• **WORK TO COMPLETE**
Copy each line below that includes "from".

• **GIVEN RECORDS**
★ ★ ★

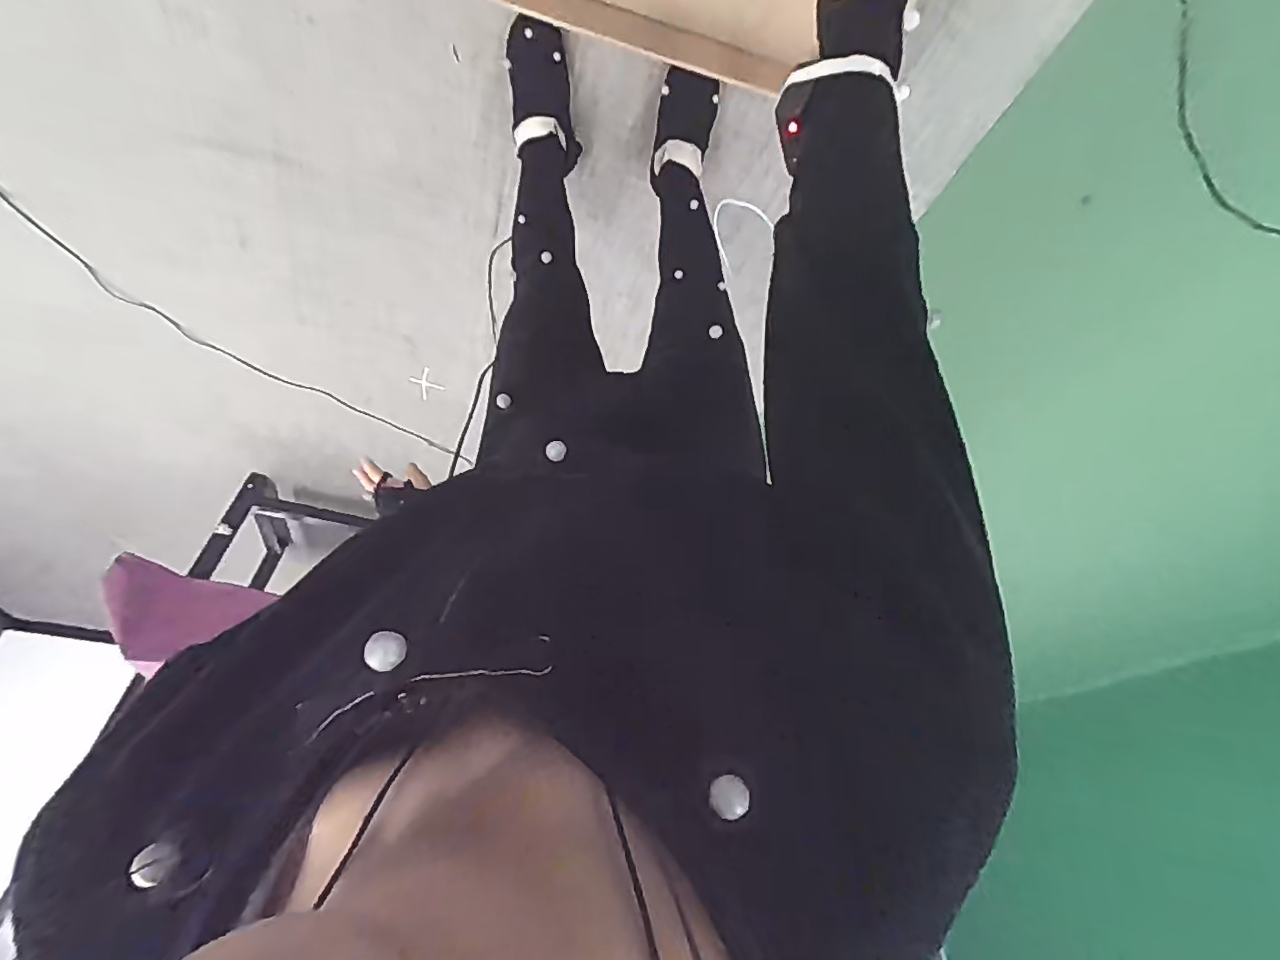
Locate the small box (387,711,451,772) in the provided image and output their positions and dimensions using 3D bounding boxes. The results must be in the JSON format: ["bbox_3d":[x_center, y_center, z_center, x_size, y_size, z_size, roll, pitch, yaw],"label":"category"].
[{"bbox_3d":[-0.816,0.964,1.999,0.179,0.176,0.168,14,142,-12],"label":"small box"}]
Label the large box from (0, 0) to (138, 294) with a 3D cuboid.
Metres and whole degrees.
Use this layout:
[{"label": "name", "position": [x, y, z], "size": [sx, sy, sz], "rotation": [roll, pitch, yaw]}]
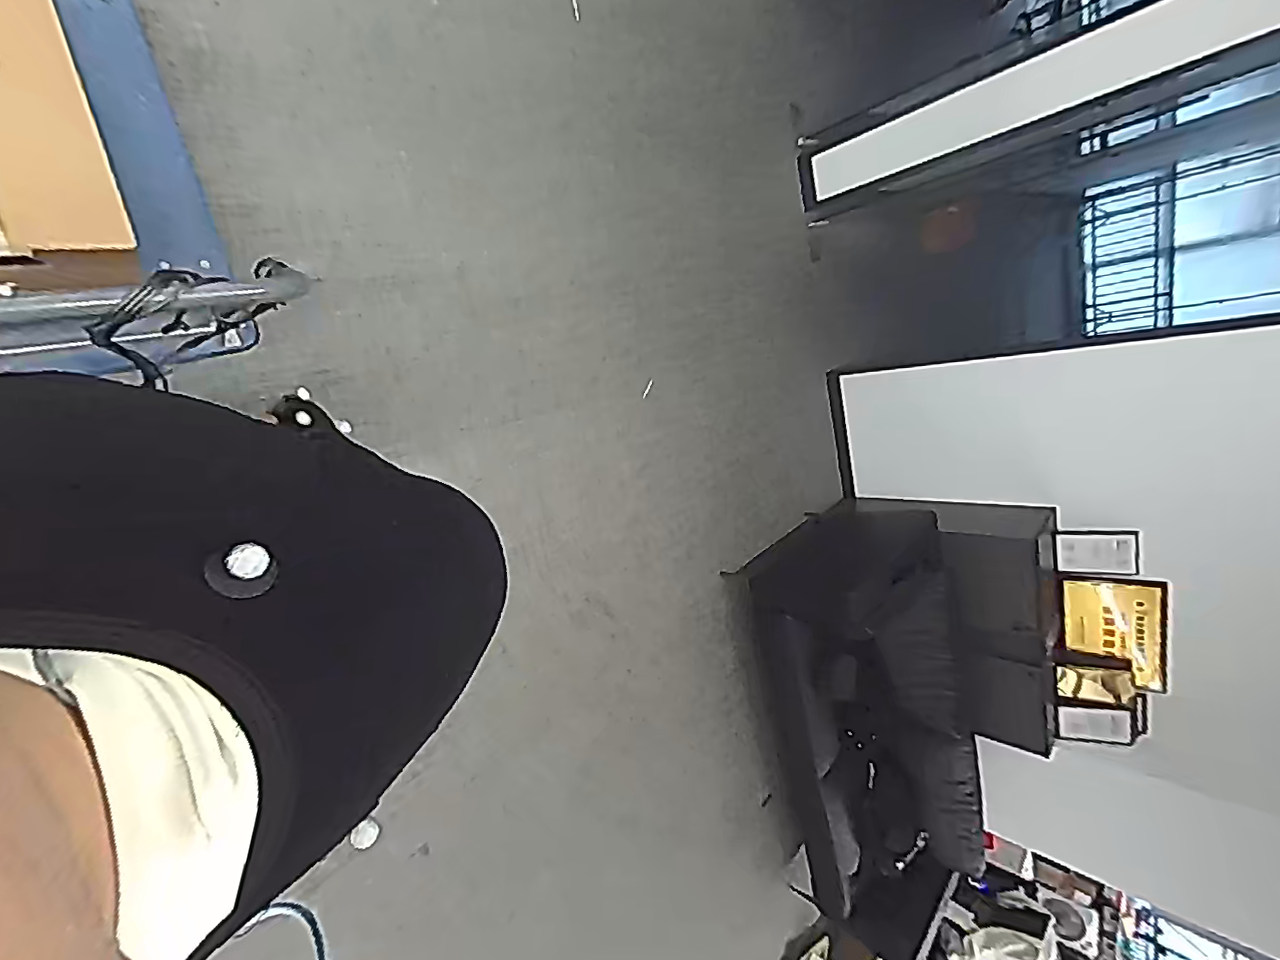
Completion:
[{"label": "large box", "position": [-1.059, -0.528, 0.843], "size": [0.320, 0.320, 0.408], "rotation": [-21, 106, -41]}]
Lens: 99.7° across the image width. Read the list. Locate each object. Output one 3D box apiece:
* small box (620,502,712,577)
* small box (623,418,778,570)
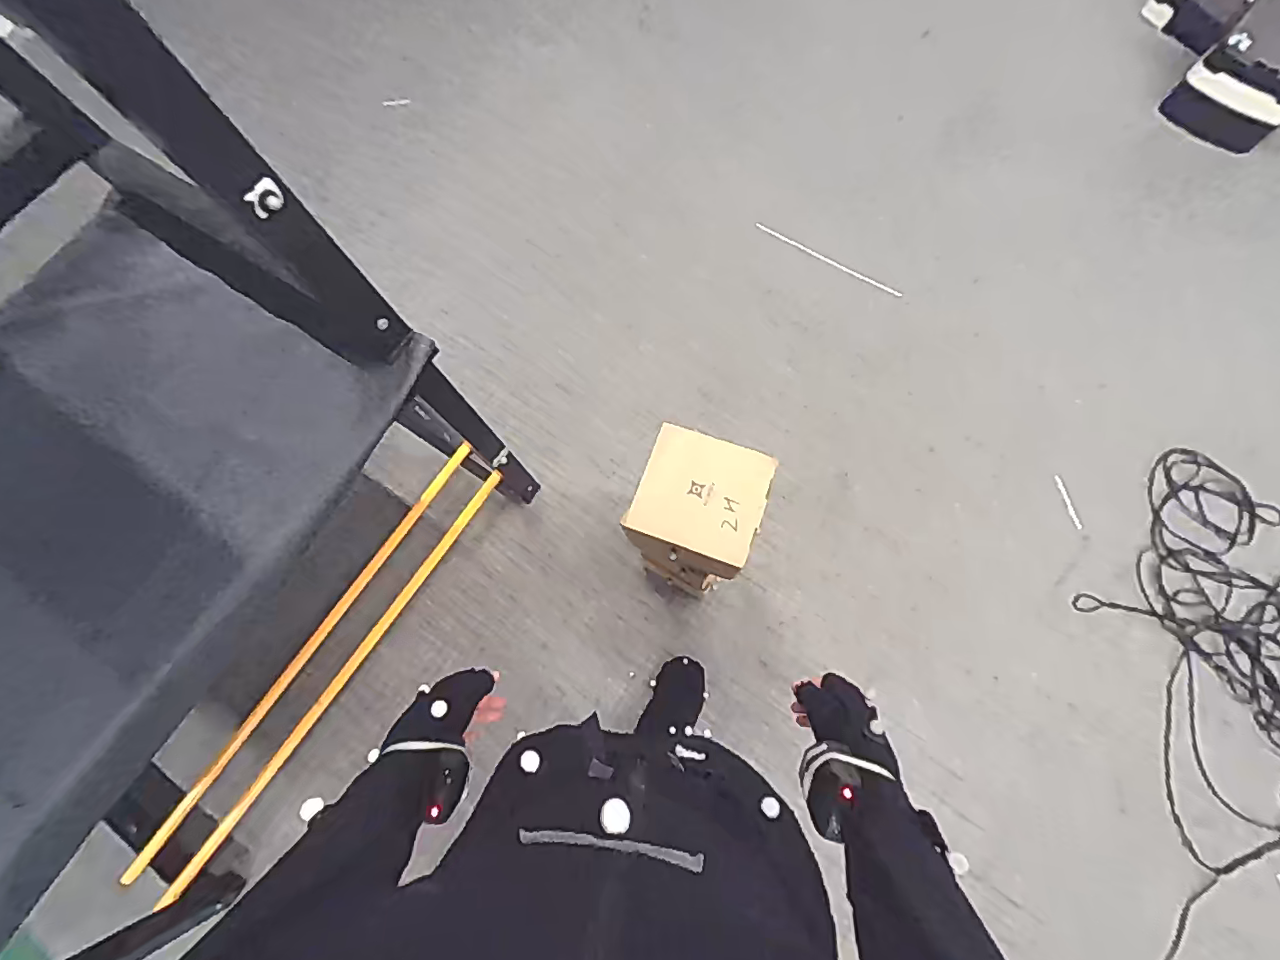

★ ★ ★

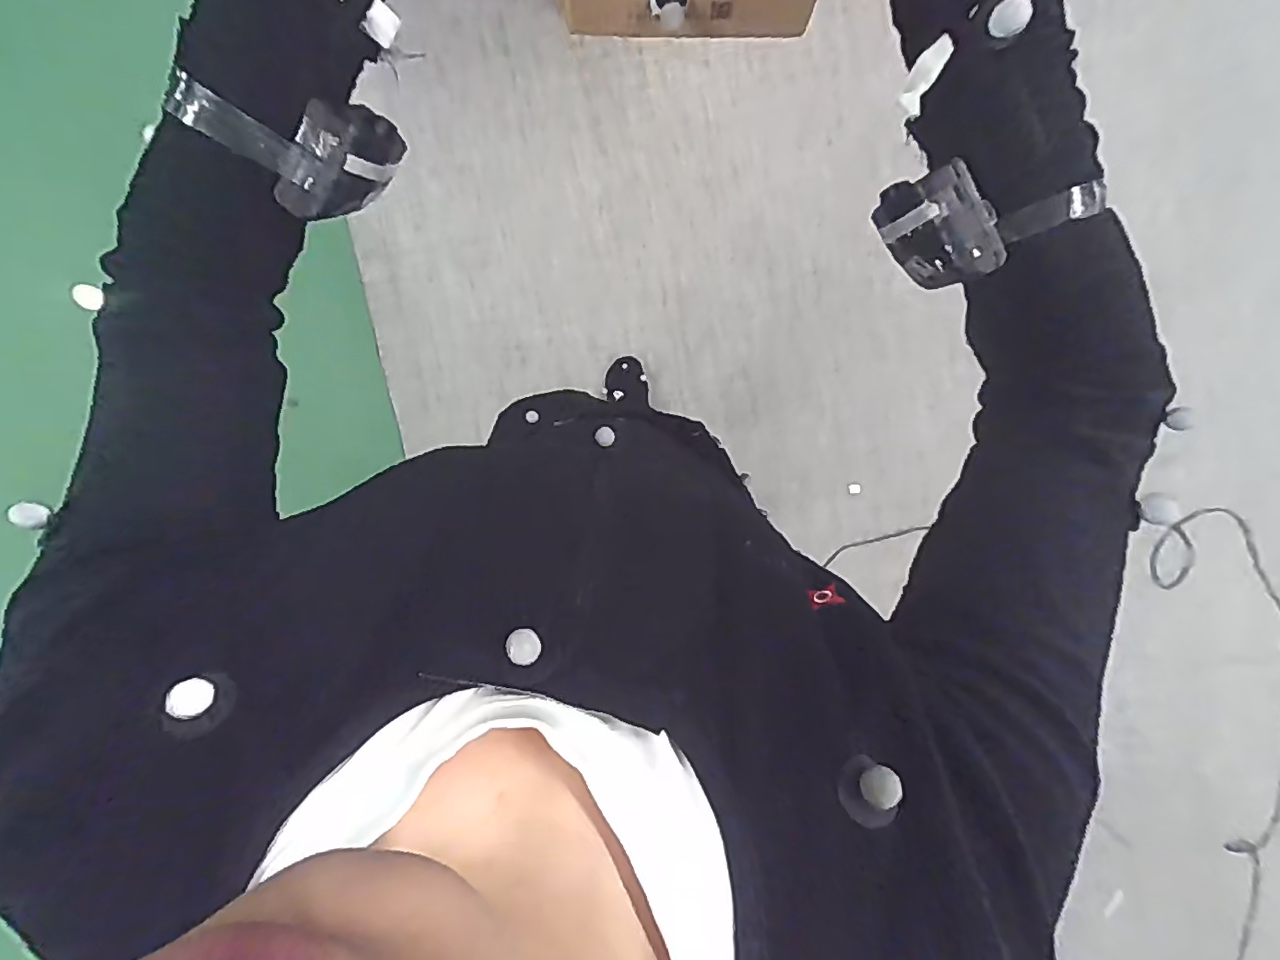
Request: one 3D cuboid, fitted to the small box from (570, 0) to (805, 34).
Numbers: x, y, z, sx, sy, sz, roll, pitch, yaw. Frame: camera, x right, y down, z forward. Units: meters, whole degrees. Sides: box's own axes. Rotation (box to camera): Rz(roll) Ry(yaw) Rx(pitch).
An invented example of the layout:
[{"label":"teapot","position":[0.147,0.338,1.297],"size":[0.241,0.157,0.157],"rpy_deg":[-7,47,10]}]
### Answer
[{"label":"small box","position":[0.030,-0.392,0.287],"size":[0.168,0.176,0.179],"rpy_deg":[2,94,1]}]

★ ★ ★

• **SOLUTION FOR THIS TASK**
Label the large box from (0, 0) to (138, 294) with a 3D cuboid.
Request: one 3D cuboid, fitted to the small box from (570, 0) to (805, 34).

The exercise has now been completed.